En mayo de 2018, el Gobierno de Colombia bloqueó la entrada de 15 contenedores con 25.210 combos CLAP a Venezuela, en un operativo realizado en Cartagena por la Policía Fiscal y Aduanera colombiana y que fue anunciado por el entonces presidente de Colombia, Juan Manuel Santos. 

Con estas acciones, Santos vinculaba la adquisición internacional de alimentos por parte de Venezuela con supuestos delitos de lavado de dinero y actividades ilícitas e impulsó una supuesta trama de corrupción en el marco del complot mediático contra el Gobierno de Nicolás Maduro creada con base en acusaciones sin pruebas y sanciones a figuras políticas.

A su vez, el Gobierno mexicano que dirigía el expresidente Enrique Peña Nieto informó que inició una investigación por operaciones inusuales en contra de personas físicas y morales dedicadas a la venta de alimentos básicos y que han obtenido recursos públicos venezolanos.

Supuestamente, fueron localizados 1.300.000 combos en 1.300 contenedores de alimentos en México con destino a Venezuela aludiendo a la supuesta existencia de operadores que acudían a diversos países para contactar con otras empresas y obtenerlos.

Sabotaje

Como medidas desesperadas, el pasado 27 de febrero un almacén situado en el Puerto de La Guaira, lugar donde se ensamblan las cajas de los combos de alimentos, fue incendiado en la madrugada. 

Según el jefe de la Guardia del Puesto de Comando Presidencial y entonces ministro para la Energía Eléctrica, Luis Motta Domínguez, "este es un acto terrorista contra el pueblo venezolano.

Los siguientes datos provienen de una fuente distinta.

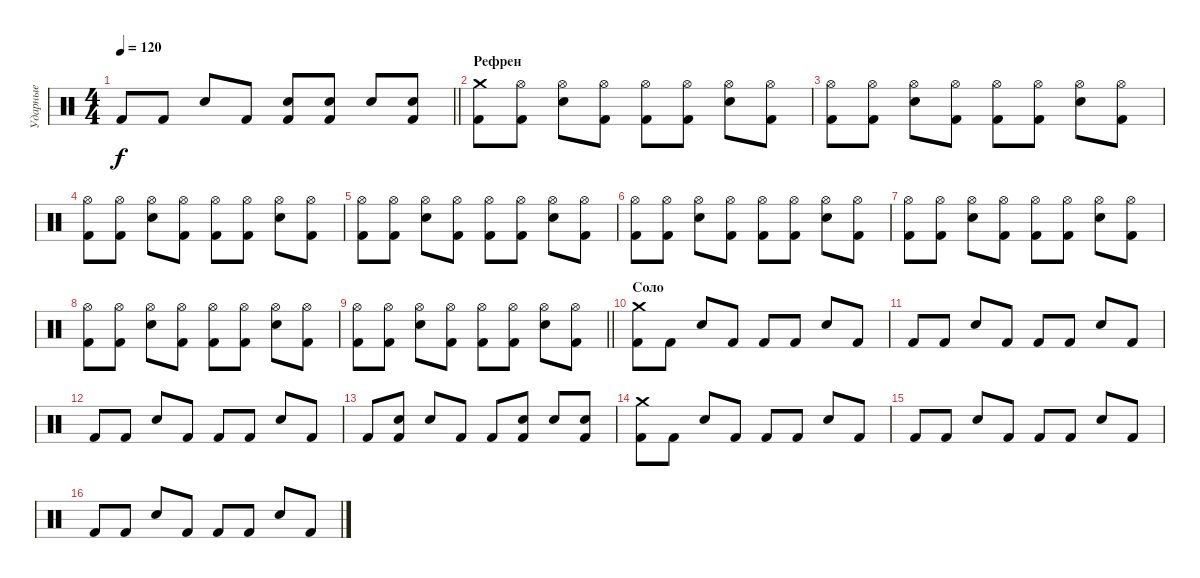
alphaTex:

\track ("Ударные" "Ударные") {instrument percussion}
\staff {score}
\articulation defaults
\ts (4 4)
\tempo 120
\clef neutral
\barLineRight lightlight
\ks c "Kick (hit) 2".8{dy f} "Kick (hit) 2".8 "Snare (hit) 2".8 "Kick (hit) 2".8
("Snare (hit) 2" "Kick (hit) 2").8 ("Snare (hit) 2" "Kick (hit) 2").8 "Snare (hit) 2".8 ("Snare (hit) 2" "Kick (hit) 2").8 |
\section ("" "Рефрен")
("Kick (hit) 2" "Crash medium (hit)").8 ("Kick (hit) 2" "Hi-Hat (open)").8 ("Snare (hit) 2" "Hi-Hat (open)").8 ("Kick (hit) 2" "Hi-Hat (open)").8 ("Kick (hit) 2" "Hi-Hat (open)").8 ("Kick (hit) 2" "Hi-Hat (open)").8 ("Snare (hit) 2" "Hi-Hat (open)").8 ("Kick (hit) 2" "Hi-Hat (open)").8 |
("Kick (hit) 2" "Hi-Hat (open)").8 ("Kick (hit) 2" "Hi-Hat (open)").8 ("Snare (hit) 2" "Hi-Hat (open)").8 ("Kick (hit) 2" "Hi-Hat (open)").8 ("Kick (hit) 2" "Hi-Hat (open)").8 ("Kick (hit) 2" "Hi-Hat (open)").8 ("Snare (hit) 2" "Hi-Hat (open)").8 ("Kick (hit) 2" "Hi-Hat (open)").8 |
("Kick (hit) 2" "Hi-Hat (open)").8 ("Kick (hit) 2" "Hi-Hat (open)").8 ("Snare (hit) 2" "Hi-Hat (open)").8 ("Kick (hit) 2" "Hi-Hat (open)").8 ("Kick (hit) 2" "Hi-Hat (open)").8 ("Kick (hit) 2" "Hi-Hat (open)").8 ("Snare (hit) 2" "Hi-Hat (open)").8 ("Kick (hit) 2" "Hi-Hat (open)").8 |
("Kick (hit) 2" "Hi-Hat (open)").8 ("Kick (hit) 2" "Hi-Hat (open)").8 ("Snare (hit) 2" "Hi-Hat (open)").8 ("Kick (hit) 2" "Hi-Hat (open)").8 ("Kick (hit) 2" "Hi-Hat (open)").8 ("Kick (hit) 2" "Hi-Hat (open)").8 ("Snare (hit) 2" "Hi-Hat (open)").8 ("Kick (hit) 2" "Hi-Hat (open)").8 |
("Kick (hit) 2" "Hi-Hat (open)").8 ("Kick (hit) 2" "Hi-Hat (open)").8 ("Snare (hit) 2" "Hi-Hat (open)").8 ("Kick (hit) 2" "Hi-Hat (open)").8 ("Kick (hit) 2" "Hi-Hat (open)").8 ("Kick (hit) 2" "Hi-Hat (open)").8 ("Snare (hit) 2" "Hi-Hat (open)").8 ("Kick (hit) 2" "Hi-Hat (open)").8 |
("Kick (hit) 2" "Hi-Hat (open)").8 ("Kick (hit) 2" "Hi-Hat (open)").8 ("Snare (hit) 2" "Hi-Hat (open)").8 ("Kick (hit) 2" "Hi-Hat (open)").8 ("Kick (hit) 2" "Hi-Hat (open)").8 ("Kick (hit) 2" "Hi-Hat (open)").8 ("Snare (hit) 2" "Hi-Hat (open)").8 ("Kick (hit) 2" "Hi-Hat (open)").8 |
("Kick (hit) 2" "Hi-Hat (open)").8 ("Kick (hit) 2" "Hi-Hat (open)").8 ("Snare (hit) 2" "Hi-Hat (open)").8 ("Kick (hit) 2" "Hi-Hat (open)").8 ("Kick (hit) 2" "Hi-Hat (open)").8 ("Kick (hit) 2" "Hi-Hat (open)").8 ("Snare (hit) 2" "Hi-Hat (open)").8 ("Kick (hit) 2" "Hi-Hat (open)").8 |
\barLineRight lightlight
("Kick (hit) 2" "Hi-Hat (open)").8 ("Kick (hit) 2" "Hi-Hat (open)").8 ("Snare (hit) 2" "Hi-Hat (open)").8 ("Kick (hit) 2" "Hi-Hat (open)").8 ("Kick (hit) 2" "Hi-Hat (open)").8 ("Kick (hit) 2" "Hi-Hat (open)").8 ("Snare (hit) 2" "Hi-Hat (open)").8 ("Kick (hit) 2" "Hi-Hat (open)").8 |
\section ("" "Соло")
("Kick (hit) 2" "Crash medium (hit)").8 "Kick (hit) 2".8 "Snare (hit) 2".8 "Kick (hit) 2".8 "Kick (hit) 2".8 "Kick (hit) 2".8 "Snare (hit) 2".8 "Kick (hit) 2".8 |
"Kick (hit) 2".8 "Kick (hit) 2".8 "Snare (hit) 2".8 "Kick (hit) 2".8 "Kick (hit) 2".8 "Kick (hit) 2".8 "Snare (hit) 2".8 "Kick (hit) 2".8 |
"Kick (hit) 2".8 "Kick (hit) 2".8 "Snare (hit) 2".8 "Kick (hit) 2".8 "Kick (hit) 2".8 "Kick (hit) 2".8 "Snare (hit) 2".8 "Kick (hit) 2".8 |
"Kick (hit) 2".8 ("Kick (hit) 2" "Snare (hit) 2").8 "Snare (hit) 2".8 "Kick (hit) 2".8 "Kick (hit) 2".8 ("Kick (hit) 2" "Snare (hit) 2").8 "Snare (hit) 2".8 ("Kick (hit) 2" "Snare (hit) 2").8 |
("Kick (hit) 2" "Crash medium (hit)").8 "Kick (hit) 2".8 "Snare (hit) 2".8 "Kick (hit) 2".8 "Kick (hit) 2".8 "Kick (hit) 2".8 "Snare (hit) 2".8 "Kick (hit) 2".8 |
"Kick (hit) 2".8 "Kick (hit) 2".8 "Snare (hit) 2".8 "Kick (hit) 2".8 "Kick (hit) 2".8 "Kick (hit) 2".8 "Snare (hit) 2".8 "Kick (hit) 2".8 |
"Kick (hit) 2".8 "Kick (hit) 2".8 "Snare (hit) 2".8 "Kick (hit) 2".8 "Kick (hit) 2".8 "Kick (hit) 2".8 "Snare (hit) 2".8 "Kick (hit) 2".8

Un acto de sabotaje contra una institución del Estado. La frustración y fracaso de la oposición los ha hecho cometer actos miserables como este, que sí es un delito de Lesa Humanidad".

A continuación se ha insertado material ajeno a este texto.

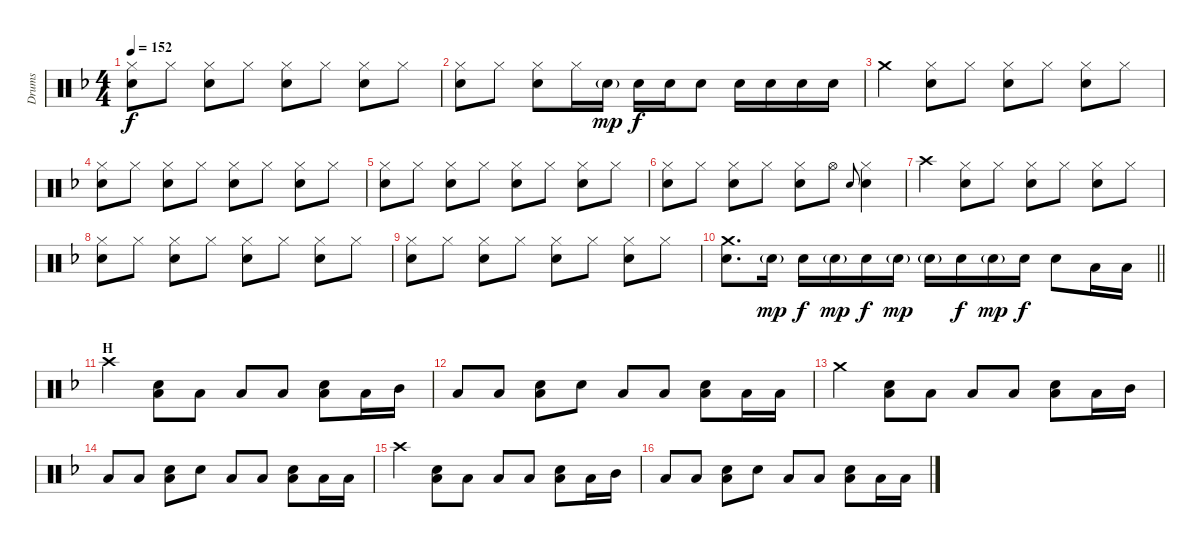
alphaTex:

\track ("Drums" "Drums") {instrument percussion}
\staff {score}
\articulation defaults
\ts (4 4)
\tempo 152
\clef neutral
\ks f
("Hi-Hat (closed)" "Snare (hit) 2").8{dy f} "Hi-Hat (closed)".8 ("Hi-Hat (closed)" "Snare (hit) 2").8 "Hi-Hat (closed)".8 ("Hi-Hat (closed)" "Snare (hit) 2").8 "Hi-Hat (closed)".8 ("Hi-Hat (closed)" "Snare (hit) 2").8 "Hi-Hat (closed)".8 |
("Hi-Hat (closed)" "Snare (hit) 2").8 "Hi-Hat (closed)".8 ("Hi-Hat (closed)" "Snare (hit) 2").8 "Hi-Hat (closed)".16 "Snare (hit) 2"{g}.16{dy mp} "Snare (hit) 2".16{dy f} "Snare (hit) 2".16 "Snare (hit) 2".8 "Snare (hit) 2".16 "Snare (hit) 2".16 "Snare (hit) 2".16 "Snare (hit) 2".16 |
"Crash medium (hit)".4 ("Hi-Hat (closed)" "Snare (hit) 2").8 "Hi-Hat (closed)".8 ("Hi-Hat (closed)" "Snare (hit) 2").8 "Hi-Hat (closed)".8 ("Hi-Hat (closed)" "Snare (hit) 2").8 "Hi-Hat (closed)".8 |
("Hi-Hat (closed)" "Snare (hit) 2").8 "Hi-Hat (closed)".8 ("Hi-Hat (closed)" "Snare (hit) 2").8 "Hi-Hat (closed)".8 ("Hi-Hat (closed)" "Snare (hit) 2").8 "Hi-Hat (closed)".8 ("Hi-Hat (closed)" "Snare (hit) 2").8 "Hi-Hat (closed)".8 |
("Hi-Hat (closed)" "Snare (hit) 2").8 "Hi-Hat (closed)".8 ("Hi-Hat (closed)" "Snare (hit) 2").8 "Hi-Hat (closed)".8 ("Hi-Hat (closed)" "Snare (hit) 2").8 "Hi-Hat (closed)".8 ("Hi-Hat (closed)" "Snare (hit) 2").8 "Hi-Hat (closed)".8 |
("Hi-Hat (closed)" "Snare (hit) 2").8 "Hi-Hat (closed)".8 ("Hi-Hat (closed)" "Snare (hit) 2").8 "Hi-Hat (closed)".8 ("Hi-Hat (closed)" "Snare (hit) 2").8 "Hi-Hat (open)".8 "Snare (hit) 2".8{gr onbeat} ("Hi-Hat (closed)" "Snare (hit) 2").4 |
"Crash high (hit)".4 ("Hi-Hat (closed)" "Snare (hit) 2").8 "Hi-Hat (closed)".8 ("Hi-Hat (closed)" "Snare (hit) 2").8 "Hi-Hat (closed)".8 ("Hi-Hat (closed)" "Snare (hit) 2").8 "Hi-Hat (closed)".8 |
("Hi-Hat (closed)" "Snare (hit) 2").8 "Hi-Hat (closed)".8 ("Hi-Hat (closed)" "Snare (hit) 2").8 "Hi-Hat (closed)".8 ("Hi-Hat (closed)" "Snare (hit) 2").8 "Hi-Hat (closed)".8 ("Hi-Hat (closed)" "Snare (hit) 2").8 "Hi-Hat (closed)".8 |
("Hi-Hat (closed)" "Snare (hit) 2").8 "Hi-Hat (closed)".8 ("Hi-Hat (closed)" "Snare (hit) 2").8 "Hi-Hat (closed)".8 ("Hi-Hat (closed)" "Snare (hit) 2").8 "Hi-Hat (closed)".8 ("Hi-Hat (closed)" "Snare (hit) 2").8 "Hi-Hat (closed)".8 |
\barLineRight lightlight
("Crash medium (hit)" "Snare (hit) 2").8{d} "Snare (hit) 2"{g}.16{dy mp} "Snare (hit) 2".16{dy f} "Snare (hit) 2"{g}.16{dy mp} "Snare (hit) 2".16{dy f} "Snare (hit) 2"{g}.16{dy mp} "Snare (hit) 2"{g}.16 "Snare (hit) 2".16{dy f} "Snare (hit) 2"{g}.16{dy mp} "Snare (hit) 2".16{dy f} "Snare (hit) 2".8 "Low Tom (hit)".16 "Low Tom (hit)".16 |
\section ("" "H")
"Crash high (hit)".4 ("Snare (hit) 2" "Low Tom (hit)").8 "Low Tom (hit)".8 "Low Tom (hit)".8 "Low Tom (hit)".8 ("Snare (hit) 2" "Low Tom (hit)").8 "Low Tom (hit)".16 "Mid Tom (hit)".16 |
"Low Tom (hit)".8 "Low Tom (hit)".8 ("Snare (hit) 2" "Low Tom (hit)").8 "Snare (hit) 2".8 "Low Tom (hit)".8 "Low Tom (hit)".8 ("Snare (hit) 2" "Low Tom (hit)").8 "Low Tom (hit)".16 "Low Tom (hit)".16 |
"Crash medium (hit)".4 ("Snare (hit) 2" "Low Tom (hit)").8 "Low Tom (hit)".8 "Low Tom (hit)".8 "Low Tom (hit)".8 ("Snare (hit) 2" "Low Tom (hit)").8 "Low Tom (hit)".16 "Mid Tom (hit)".16 |
"Low Tom (hit)".8 "Low Tom (hit)".8 ("Snare (hit) 2" "Low Tom (hit)").8 "Snare (hit) 2".8 "Low Tom (hit)".8 "Low Tom (hit)".8 ("Snare (hit) 2" "Low Tom (hit)").8 "Low Tom (hit)".16 "Low Tom (hit)".16 |
"Crash high (hit)".4 ("Snare (hit) 2" "Low Tom (hit)").8 "Low Tom (hit)".8 "Low Tom (hit)".8 "Low Tom (hit)".8 ("Snare (hit) 2" "Low Tom (hit)").8 "Low Tom (hit)".16 "Mid Tom (hit)".16 |
"Low Tom (hit)".8 "Low Tom (hit)".8 ("Snare (hit) 2" "Low Tom (hit)").8 "Snare (hit) 2".8 "Low Tom (hit)".8 "Low Tom (hit)".8 ("Snare (hit) 2" "Low Tom (hit)").8 "Low Tom (hit)".16 "Low Tom (hit)".16

Motta indicó que las pérdidas fueron cuantiosas, tanto en alimentos como en material de empaque, al tiempo que hubo pérdidas en equipos de montacargas, estantes e infraestructura.

Sanciones

El pasado 19 de mayo, desde la administración de los CLAP se decía que la administración Trump "sancionó a 10 de las 12 navieras que trasladaban alimentos a Venezuela, lo que ocasiona retraso en la llegada de los rubros al país, es decir, lo que llegaba en un mes, ahora tarda tres meses".

Además de las acciones coercitivas sobre las empresas de transporte marítimo, los pagos directos por transferencias bancarias en dólares que realiza el Estado suelen ser rechazados y deben cancelarse a través de terceros, pago que antes "se ejecutaba en 20 días, ahora dura 45, 60 días".

En la misma semana la agencia Reuters reseñaba que EE.UU. prepara "sanciones y cargos criminales contra funcionarios venezolanos y otros sospechosos de utilizar un programa de ayuda alimentaria administrado por el Ejército para lavar dinero para el gobierno del presidente Nicolás Maduro", atribuyendo la información a "fuentes familiarizadas con el asunto".

Los efectos reales de estas acciones ya se han evidenciado, ya que las sanciones ralentizarán mucho más el proceso de adquisición de los alimentos y buscarán profundizar el caos y la crisis que imponen las élites corporativas y sus operadores contra la población venezolana.